## ACTIVITY
All pictures are to be excluded when the data below is output verbatim.

## RECORDS FOR THIS TASK
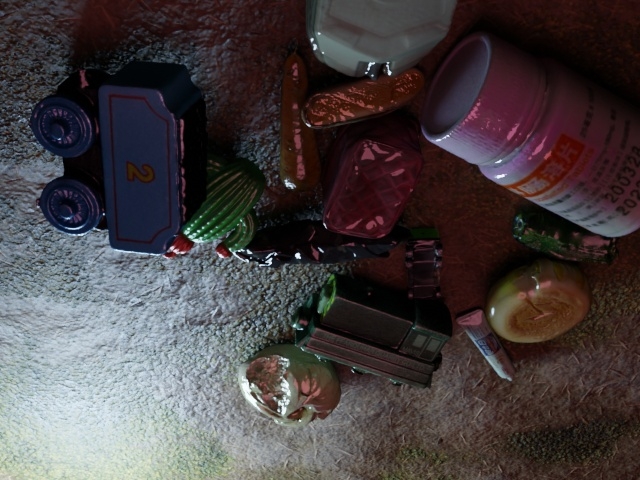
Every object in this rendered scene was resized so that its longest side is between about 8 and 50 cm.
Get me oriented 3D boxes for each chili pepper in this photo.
[{"bbox_3d":[0.470,-0.006,1.938,0.224,0.061,0.098,10,128,-12],"label":"chili pepper"}]

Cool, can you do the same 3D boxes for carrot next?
[{"bbox_3d":[-0.038,-0.212,1.737,0.078,0.078,0.298,-1,130,1],"label":"carrot"}]

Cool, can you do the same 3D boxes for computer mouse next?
[{"bbox_3d":[0.095,-0.413,1.499,0.228,0.145,0.429,-2,146,-9],"label":"computer mouse"}]

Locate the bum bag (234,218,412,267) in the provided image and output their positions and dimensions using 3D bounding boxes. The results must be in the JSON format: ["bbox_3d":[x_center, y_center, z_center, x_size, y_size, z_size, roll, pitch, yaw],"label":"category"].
[{"bbox_3d":[0.000,0.000,1.898,0.341,0.144,0.095,-3,92,4],"label":"bum bag"}]

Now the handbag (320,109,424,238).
[{"bbox_3d":[0.087,-0.119,1.781,0.147,0.135,0.225,14,128,-12],"label":"handbag"}]

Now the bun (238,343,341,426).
[{"bbox_3d":[-0.063,0.322,2.207,0.237,0.116,0.210,21,129,-20],"label":"bun"}]

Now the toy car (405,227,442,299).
[{"bbox_3d":[0.199,0.048,1.985,0.071,0.062,0.165,-3,133,3],"label":"toy car"}]

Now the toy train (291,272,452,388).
[{"bbox_3d":[0.112,0.174,2.065,0.330,0.138,0.178,20,121,-15],"label":"toy train"}]

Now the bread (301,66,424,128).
[{"bbox_3d":[0.069,-0.236,1.700,0.214,0.053,0.073,-18,104,-7],"label":"bread"}]

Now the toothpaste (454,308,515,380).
[{"bbox_3d":[0.360,0.226,2.176,0.060,0.038,0.233,-25,126,17],"label":"toothpaste"}]

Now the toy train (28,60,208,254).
[{"bbox_3d":[-0.317,-0.145,1.674,0.265,0.188,0.300,6,117,9],"label":"toy train"}]

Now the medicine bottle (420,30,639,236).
[{"bbox_3d":[0.374,-0.172,1.671,0.388,0.219,0.219,24,129,-22],"label":"medicine bottle"}]

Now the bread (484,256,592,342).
[{"bbox_3d":[0.429,0.115,2.023,0.213,0.104,0.213,-3,133,-3],"label":"bread"}]

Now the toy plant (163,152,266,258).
[{"bbox_3d":[-0.184,-0.046,1.819,0.155,0.088,0.240,20,117,-3],"label":"toy plant"}]

## RESULT OF THIS EXERCISE
Every object in this rendered scene was resized so that its longest side is between about 8 and 50 cm.
Get me oriented 3D boxes for each chili pepper in this photo.
[{"bbox_3d":[0.470,-0.006,1.938,0.224,0.061,0.098,10,128,-12],"label":"chili pepper"}]

Cool, can you do the same 3D boxes for carrot next?
[{"bbox_3d":[-0.038,-0.212,1.737,0.078,0.078,0.298,-1,130,1],"label":"carrot"}]

Cool, can you do the same 3D boxes for computer mouse next?
[{"bbox_3d":[0.095,-0.413,1.499,0.228,0.145,0.429,-2,146,-9],"label":"computer mouse"}]

Locate the bum bag (234,218,412,267) in the provided image and output their positions and dimensions using 3D bounding boxes. The results must be in the JSON format: ["bbox_3d":[x_center, y_center, z_center, x_size, y_size, z_size, roll, pitch, yaw],"label":"category"].
[{"bbox_3d":[0.000,0.000,1.898,0.341,0.144,0.095,-3,92,4],"label":"bum bag"}]

Now the handbag (320,109,424,238).
[{"bbox_3d":[0.087,-0.119,1.781,0.147,0.135,0.225,14,128,-12],"label":"handbag"}]

Now the bun (238,343,341,426).
[{"bbox_3d":[-0.063,0.322,2.207,0.237,0.116,0.210,21,129,-20],"label":"bun"}]

Now the toy car (405,227,442,299).
[{"bbox_3d":[0.199,0.048,1.985,0.071,0.062,0.165,-3,133,3],"label":"toy car"}]

Now the toy train (291,272,452,388).
[{"bbox_3d":[0.112,0.174,2.065,0.330,0.138,0.178,20,121,-15],"label":"toy train"}]

Now the bread (301,66,424,128).
[{"bbox_3d":[0.069,-0.236,1.700,0.214,0.053,0.073,-18,104,-7],"label":"bread"}]

Now the toothpaste (454,308,515,380).
[{"bbox_3d":[0.360,0.226,2.176,0.060,0.038,0.233,-25,126,17],"label":"toothpaste"}]

Now the toy train (28,60,208,254).
[{"bbox_3d":[-0.317,-0.145,1.674,0.265,0.188,0.300,6,117,9],"label":"toy train"}]

Now the medicine bottle (420,30,639,236).
[{"bbox_3d":[0.374,-0.172,1.671,0.388,0.219,0.219,24,129,-22],"label":"medicine bottle"}]

Now the bread (484,256,592,342).
[{"bbox_3d":[0.429,0.115,2.023,0.213,0.104,0.213,-3,133,-3],"label":"bread"}]

Now the toy plant (163,152,266,258).
[{"bbox_3d":[-0.184,-0.046,1.819,0.155,0.088,0.240,20,117,-3],"label":"toy plant"}]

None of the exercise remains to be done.